» Instructions for the task: Please copy every record below exactly, but leave the pictures out.

» Dataset records:
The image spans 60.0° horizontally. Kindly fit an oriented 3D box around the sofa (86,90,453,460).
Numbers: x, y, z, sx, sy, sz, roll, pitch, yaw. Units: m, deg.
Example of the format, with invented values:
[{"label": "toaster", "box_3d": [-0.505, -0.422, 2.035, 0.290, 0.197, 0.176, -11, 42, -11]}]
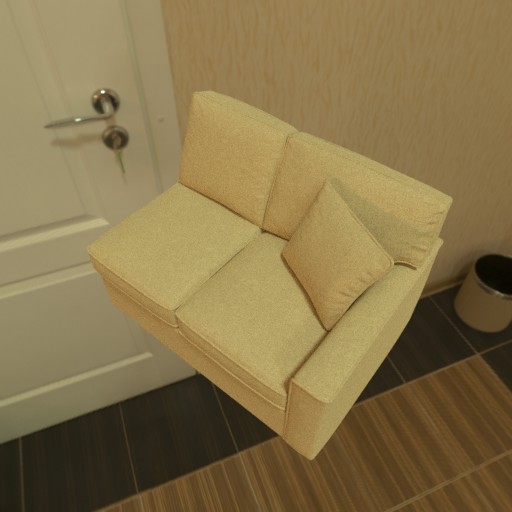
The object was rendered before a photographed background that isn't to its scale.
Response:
[{"label": "sofa", "box_3d": [0.000, 0.000, 2.110, 1.388, 0.989, 0.991, 31, 54, 25]}]
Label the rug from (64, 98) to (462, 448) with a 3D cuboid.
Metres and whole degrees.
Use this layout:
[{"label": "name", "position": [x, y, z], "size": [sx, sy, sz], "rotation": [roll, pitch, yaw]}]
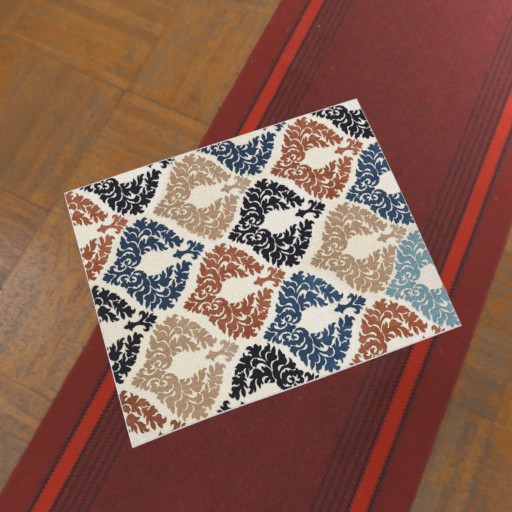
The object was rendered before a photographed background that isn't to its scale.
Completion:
[{"label": "rug", "position": [0.000, 0.000, 4.083], "size": [3.040, 0.014, 2.423], "rotation": [-19, 77, -5]}]
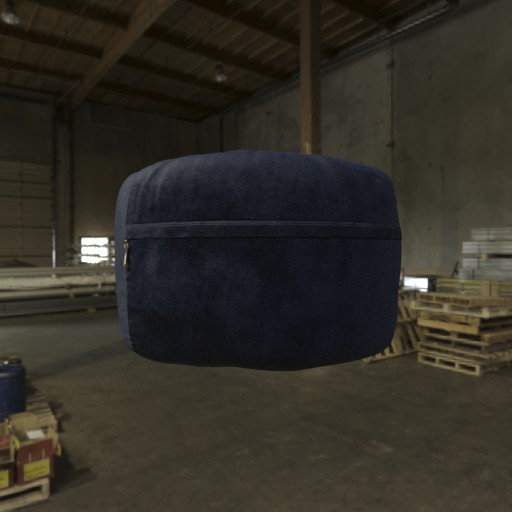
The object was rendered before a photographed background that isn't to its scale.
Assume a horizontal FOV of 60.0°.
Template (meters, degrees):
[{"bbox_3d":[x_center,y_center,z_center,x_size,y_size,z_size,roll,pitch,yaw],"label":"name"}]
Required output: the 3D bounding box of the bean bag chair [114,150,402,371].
[{"bbox_3d":[0.000,0.000,1.969,1.219,0.762,1.219,0,1,0],"label":"bean bag chair"}]

» Your response:
The image spans 60.0° horizontally. Kindly fit an oriented 3D box around the sofa (86,90,453,460).
Numbers: x, y, z, sx, sy, sz, roll, pitch, yaw. Units: m, deg.
Example of the format, with invented values:
[{"label": "toaster", "box_3d": [-0.505, -0.422, 2.035, 0.290, 0.197, 0.176, -11, 42, -11]}]
The object was rendered before a photographed background that isn't to its scale.
Response:
[{"label": "sofa", "box_3d": [0.000, 0.000, 2.110, 1.388, 0.989, 0.991, 31, 54, 25]}]
Label the rug from (64, 98) to (462, 448) with a 3D cuboid.
Metres and whole degrees.
Use this layout:
[{"label": "name", "position": [x, y, z], "size": [sx, sy, sz], "rotation": [roll, pitch, yaw]}]
The object was rendered before a photographed background that isn't to its scale.
Completion:
[{"label": "rug", "position": [0.000, 0.000, 4.083], "size": [3.040, 0.014, 2.423], "rotation": [-19, 77, -5]}]
The object was rendered before a photographed background that isn't to its scale.
Assume a horizontal FOV of 60.0°.
Template (meters, degrees):
[{"bbox_3d":[x_center,y_center,z_center,x_size,y_size,z_size,roll,pitch,yaw],"label":"name"}]
Required output: the 3D bounding box of the bean bag chair [114,150,402,371].
[{"bbox_3d":[0.000,0.000,1.969,1.219,0.762,1.219,0,1,0],"label":"bean bag chair"}]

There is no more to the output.